NORTH Queensland lime growers fear the collapse of their industry in their region as the Federal Government continues with the plan to import limes from Mexico but a Far Northern MP stands firmly against the decision.
Katter’s Australian Party MP Bob Katter said he had little faith the government could seriously control the threat of pests and diseases by allowing the import of Mexican limes, after it recently completed its risk analysis.
Mr Katter wrote to the Federal Agriculture Minister expressing his concerns over biosecurity issues associated with importing Mexican limes, including the threat of, but not limited to citrus scab, citrus leprosis and Asian citrus psyllid – a vector for the most devastating citrus disease worldwide.
“These limes I would argue have around 20 different diseases that we don’t have in Australia,” Mr Katter said.
“You believe in the tooth fairy, if you believe we’re not going to get those diseases in Australia.
“We’ve had disease outbreaks that have cost this country hundreds of millions of dollars, because you opened the door.”
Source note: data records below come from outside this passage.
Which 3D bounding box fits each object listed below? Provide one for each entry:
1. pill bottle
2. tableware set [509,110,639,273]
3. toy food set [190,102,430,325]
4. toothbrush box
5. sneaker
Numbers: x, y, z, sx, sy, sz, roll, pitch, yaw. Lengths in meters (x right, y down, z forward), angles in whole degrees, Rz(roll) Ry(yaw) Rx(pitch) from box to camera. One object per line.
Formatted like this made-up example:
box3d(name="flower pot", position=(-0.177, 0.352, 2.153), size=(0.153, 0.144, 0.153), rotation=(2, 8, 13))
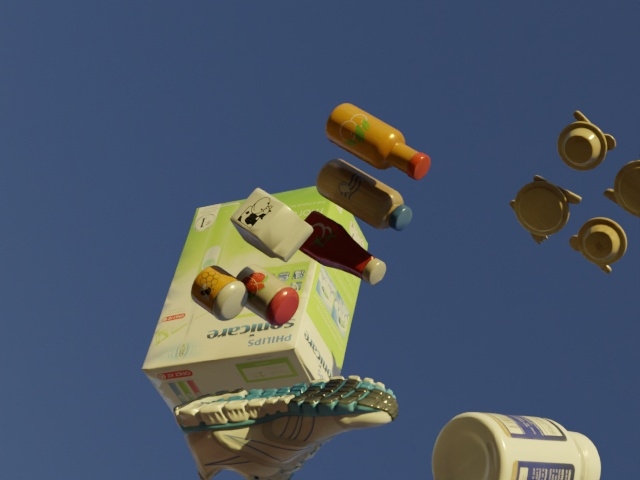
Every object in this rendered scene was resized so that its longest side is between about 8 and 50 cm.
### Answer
box3d(name="pill bottle", position=(0.227, 0.254, 1.538), size=(0.112, 0.186, 0.112), rotation=(-14, -109, 47))
box3d(name="tableware set", position=(0.296, -0.047, 1.480), size=(0.141, 0.020, 0.169), rotation=(38, -58, 10))
box3d(name="toy food set", position=(0.000, 0.000, 1.230), size=(0.104, 0.111, 0.232), rotation=(32, -106, 32))
box3d(name="toothbrush box", position=(-0.074, 0.078, 1.688), size=(0.206, 0.283, 0.122), rotation=(-9, -47, 23))
box3d(name="sneaker", position=(-0.023, 0.158, 1.093), size=(0.190, 0.071, 0.083), rotation=(-9, -85, 25))
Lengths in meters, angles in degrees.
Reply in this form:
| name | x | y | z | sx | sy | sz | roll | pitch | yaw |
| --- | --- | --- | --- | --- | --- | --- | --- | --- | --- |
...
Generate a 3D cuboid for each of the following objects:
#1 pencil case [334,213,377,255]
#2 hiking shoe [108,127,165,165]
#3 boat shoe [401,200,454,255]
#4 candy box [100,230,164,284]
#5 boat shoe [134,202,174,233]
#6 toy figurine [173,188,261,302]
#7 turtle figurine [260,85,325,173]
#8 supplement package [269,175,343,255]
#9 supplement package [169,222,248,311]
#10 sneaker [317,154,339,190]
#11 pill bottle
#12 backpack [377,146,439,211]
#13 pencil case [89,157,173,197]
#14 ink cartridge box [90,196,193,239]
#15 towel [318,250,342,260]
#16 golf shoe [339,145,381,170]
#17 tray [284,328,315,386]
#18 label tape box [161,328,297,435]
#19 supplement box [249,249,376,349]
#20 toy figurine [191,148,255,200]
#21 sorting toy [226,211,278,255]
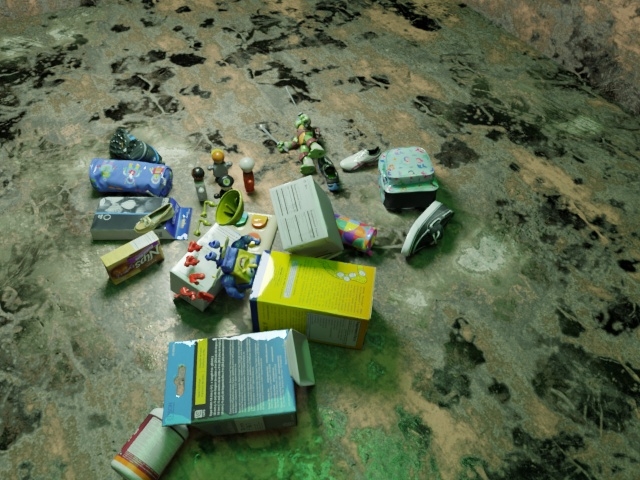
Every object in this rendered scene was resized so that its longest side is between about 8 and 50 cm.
| name | x | y | z | sx | sy | sz | roll | pitch | yaw |
| --- | --- | --- | --- | --- | --- | --- | --- | --- | --- |
| pencil case | 0.087 | -0.030 | 1.777 | 0.236 | 0.104 | 0.104 | 23 | 53 | 16 |
| hiking shoe | -0.754 | -0.361 | 2.001 | 0.304 | 0.132 | 0.113 | 33 | 91 | 41 |
| boat shoe | 0.398 | -0.033 | 1.801 | 0.102 | 0.108 | 0.301 | 29 | 47 | 21 |
| candy box | -0.623 | 0.058 | 1.649 | 0.186 | 0.109 | 0.053 | -31 | 59 | -26 |
| boat shoe | -0.581 | -0.078 | 1.721 | 0.153 | 0.048 | 0.056 | -32 | 60 | -25 |
| toy figurine | -0.271 | 0.053 | 1.528 | 0.191 | 0.217 | 0.363 | -15 | 53 | 38 |
| turtle figurine | -0.106 | -0.419 | 2.025 | 0.197 | 0.274 | 0.266 | -33 | 57 | 14 |
| supplement package | -0.038 | -0.062 | 1.606 | 0.145 | 0.262 | 0.204 | -18 | 77 | 11 |
| supplement package | -0.359 | 0.083 | 1.616 | 0.139 | 0.134 | 0.244 | 33 | 55 | 6 |
| sneaker | 0.038 | -0.286 | 1.995 | 0.067 | 0.078 | 0.188 | -10 | 50 | -11 |
| pill bottle | -0.421 | 0.516 | 1.278 | 0.121 | 0.121 | 0.221 | 25 | 53 | 16 |
| backpack | 0.333 | -0.258 | 1.930 | 0.225 | 0.191 | 0.254 | -4 | 45 | 0 |
| pencil case | -0.719 | -0.235 | 1.878 | 0.305 | 0.119 | 0.133 | 6 | 70 | 0 |
| ink cartridge box | -0.643 | -0.082 | 1.794 | 0.332 | 0.065 | 0.166 | 0 | 50 | -5 |
| towel | 0.000 | 0.000 | 1.736 | 0.113 | 0.023 | 0.152 | -26 | 76 | 8 |
| golf shoe | 0.165 | -0.346 | 2.049 | 0.186 | 0.086 | 0.068 | -18 | 55 | -16 |
| tray | -0.057 | 0.326 | 1.351 | 0.030 | 0.270 | 0.145 | -11 | 74 | 4 |
| label tape box | -0.238 | 0.384 | 1.333 | 0.333 | 0.106 | 0.241 | -5 | 50 | -4 |
| supplement box | -0.022 | 0.184 | 1.531 | 0.356 | 0.194 | 0.195 | 9 | 51 | 3 |
| toy figurine | -0.367 | -0.237 | 1.867 | 0.209 | 0.148 | 0.213 | 22 | 48 | 21 |
| sorting toy | -0.271 | -0.036 | 1.795 | 0.208 | 0.038 | 0.193 | 10 | 51 | 4 |
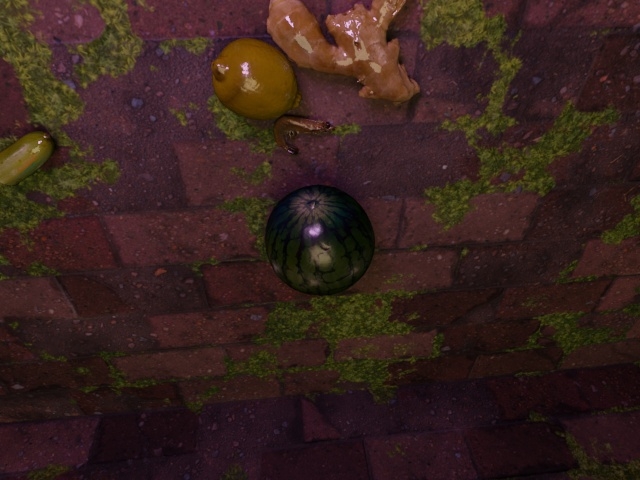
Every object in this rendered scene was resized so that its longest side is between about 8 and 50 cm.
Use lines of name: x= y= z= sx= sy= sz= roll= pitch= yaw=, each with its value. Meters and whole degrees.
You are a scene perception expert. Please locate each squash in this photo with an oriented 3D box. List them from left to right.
squash: x=-0.795 y=-0.228 z=1.132 sx=0.188 sy=0.095 sz=0.095 roll=-26 pitch=129 yaw=14

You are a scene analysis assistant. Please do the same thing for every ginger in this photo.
ginger: x=0.082 y=-0.464 z=1.026 sx=0.363 sy=0.122 sz=0.348 roll=-23 pitch=122 yaw=-1

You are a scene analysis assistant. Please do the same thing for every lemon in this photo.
lemon: x=-0.153 y=-0.387 z=1.022 sx=0.248 sy=0.184 sz=0.184 roll=12 pitch=130 yaw=-39

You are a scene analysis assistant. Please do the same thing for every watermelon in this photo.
watermelon: x=0.000 y=0.000 z=1.284 sx=0.363 sy=0.363 sz=0.363 roll=-4 pitch=131 yaw=-4

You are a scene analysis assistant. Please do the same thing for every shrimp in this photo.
shrimp: x=-0.049 y=-0.299 z=1.209 sx=0.178 sy=0.034 sz=0.124 roll=3 pitch=133 yaw=-9
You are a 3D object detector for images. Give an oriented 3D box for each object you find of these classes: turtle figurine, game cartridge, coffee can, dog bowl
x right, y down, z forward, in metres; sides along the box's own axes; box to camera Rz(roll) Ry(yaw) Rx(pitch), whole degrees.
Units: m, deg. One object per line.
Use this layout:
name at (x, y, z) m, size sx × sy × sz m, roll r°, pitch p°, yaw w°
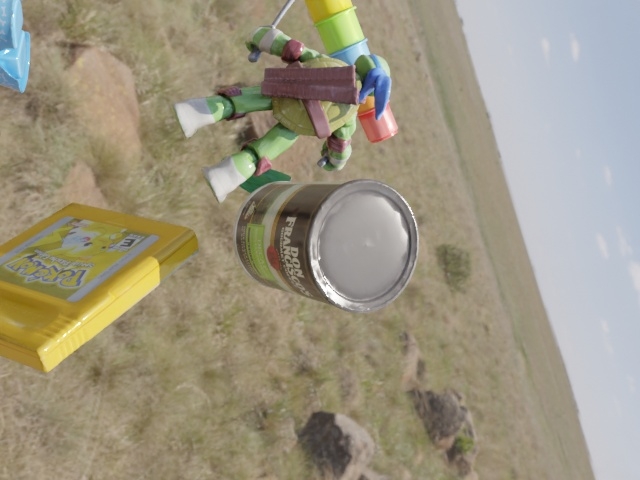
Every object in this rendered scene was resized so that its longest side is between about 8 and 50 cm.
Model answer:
turtle figurine at (-0.051, -0.173, 0.902) m, size 0.274 × 0.266 × 0.197 m, roll 55°, pitch -12°, yaw 45°
game cartridge at (-0.394, 0.050, 1.025) m, size 0.324 × 0.286 × 0.052 m, roll -44°, pitch 138°, yaw -49°
coffee can at (0.000, 0.000, 1.125) m, size 0.275 × 0.202 × 0.201 m, roll 7°, pitch -58°, yaw 60°
dog bowl at (-0.760, -0.490, 1.637) m, size 0.297 × 0.074 × 0.165 m, roll 119°, pitch -29°, yaw -57°

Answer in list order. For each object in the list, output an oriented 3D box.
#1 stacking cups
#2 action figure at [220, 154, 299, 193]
stacking cups at (0.059, -0.342, 1.306) m, size 0.096 × 0.096 × 0.316 m, roll -70°, pitch 140°, yaw -66°
action figure at (-0.159, -0.160, 1.710) m, size 0.063 × 0.232 × 0.137 m, roll -44°, pitch 153°, yaw -40°
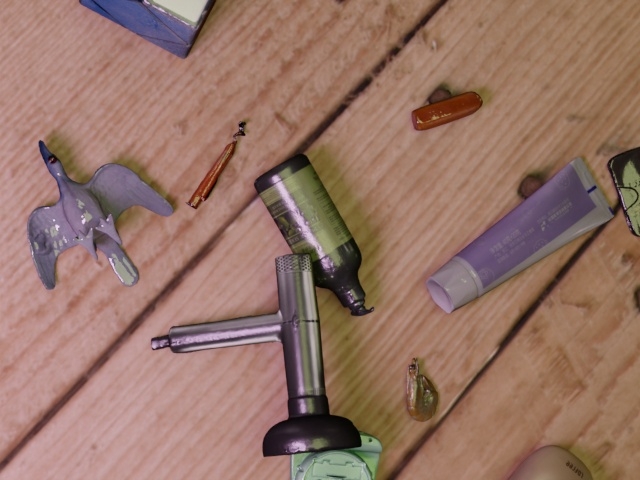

Mr Katter also questioned what ethical standards would be considered when permitting the import of these limes, with questions surrounding disparity in wage standards, input costs and whether Australia was even in need of additional supply of limes.
In his response to Mr Katter, the minister said: “The science is clear that fresh lime fruit from Mexico is not a pathway for establishment of these organisms and does not pose a biosecurity risk.”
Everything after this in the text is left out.